**Exercise details**
Restate the records that follow. Every word must match.

**The records**

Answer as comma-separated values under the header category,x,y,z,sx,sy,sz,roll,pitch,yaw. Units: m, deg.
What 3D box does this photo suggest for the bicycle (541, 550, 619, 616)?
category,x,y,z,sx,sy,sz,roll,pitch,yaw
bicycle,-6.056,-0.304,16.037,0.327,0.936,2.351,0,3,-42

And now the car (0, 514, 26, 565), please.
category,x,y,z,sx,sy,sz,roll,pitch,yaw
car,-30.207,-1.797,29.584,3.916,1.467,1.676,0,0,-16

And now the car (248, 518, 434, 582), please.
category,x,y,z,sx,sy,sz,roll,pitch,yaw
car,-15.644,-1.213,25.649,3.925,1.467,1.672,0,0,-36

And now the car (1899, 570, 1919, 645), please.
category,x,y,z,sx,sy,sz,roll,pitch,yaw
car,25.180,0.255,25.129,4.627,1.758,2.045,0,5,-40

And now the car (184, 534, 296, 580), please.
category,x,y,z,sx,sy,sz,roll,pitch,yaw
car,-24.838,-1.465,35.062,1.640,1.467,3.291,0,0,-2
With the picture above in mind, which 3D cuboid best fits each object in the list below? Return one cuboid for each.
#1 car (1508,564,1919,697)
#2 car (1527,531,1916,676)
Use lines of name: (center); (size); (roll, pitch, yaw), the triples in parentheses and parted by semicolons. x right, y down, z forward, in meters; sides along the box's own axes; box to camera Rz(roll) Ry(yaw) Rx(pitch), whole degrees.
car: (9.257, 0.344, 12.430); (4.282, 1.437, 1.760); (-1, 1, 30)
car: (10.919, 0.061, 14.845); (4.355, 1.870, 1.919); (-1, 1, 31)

**Solution**
Answer as comma-separated values under the header category,x,y,z,sx,sy,sz,roll,pitch,yaw. Units: m, deg.
What 3D box does this photo suggest for the bicycle (541, 550, 619, 616)?
category,x,y,z,sx,sy,sz,roll,pitch,yaw
bicycle,-6.056,-0.304,16.037,0.327,0.936,2.351,0,3,-42

And now the car (0, 514, 26, 565), please.
category,x,y,z,sx,sy,sz,roll,pitch,yaw
car,-30.207,-1.797,29.584,3.916,1.467,1.676,0,0,-16

And now the car (248, 518, 434, 582), please.
category,x,y,z,sx,sy,sz,roll,pitch,yaw
car,-15.644,-1.213,25.649,3.925,1.467,1.672,0,0,-36

And now the car (1899, 570, 1919, 645), please.
category,x,y,z,sx,sy,sz,roll,pitch,yaw
car,25.180,0.255,25.129,4.627,1.758,2.045,0,5,-40

And now the car (184, 534, 296, 580), please.
category,x,y,z,sx,sy,sz,roll,pitch,yaw
car,-24.838,-1.465,35.062,1.640,1.467,3.291,0,0,-2
With the picture above in mind, which 3D cuboid best fits each object in the list below? Return one cuboid for each.
#1 car (1508,564,1919,697)
#2 car (1527,531,1916,676)
Use lines of name: (center); (size); (roll, pitch, yaw), the triples in parentheses and parted by semicolons. x right, y down, z forward, in meters; sides along the box's own axes; box to camera Rz(roll) Ry(yaw) Rx(pitch), whole degrees.
car: (9.257, 0.344, 12.430); (4.282, 1.437, 1.760); (-1, 1, 30)
car: (10.919, 0.061, 14.845); (4.355, 1.870, 1.919); (-1, 1, 31)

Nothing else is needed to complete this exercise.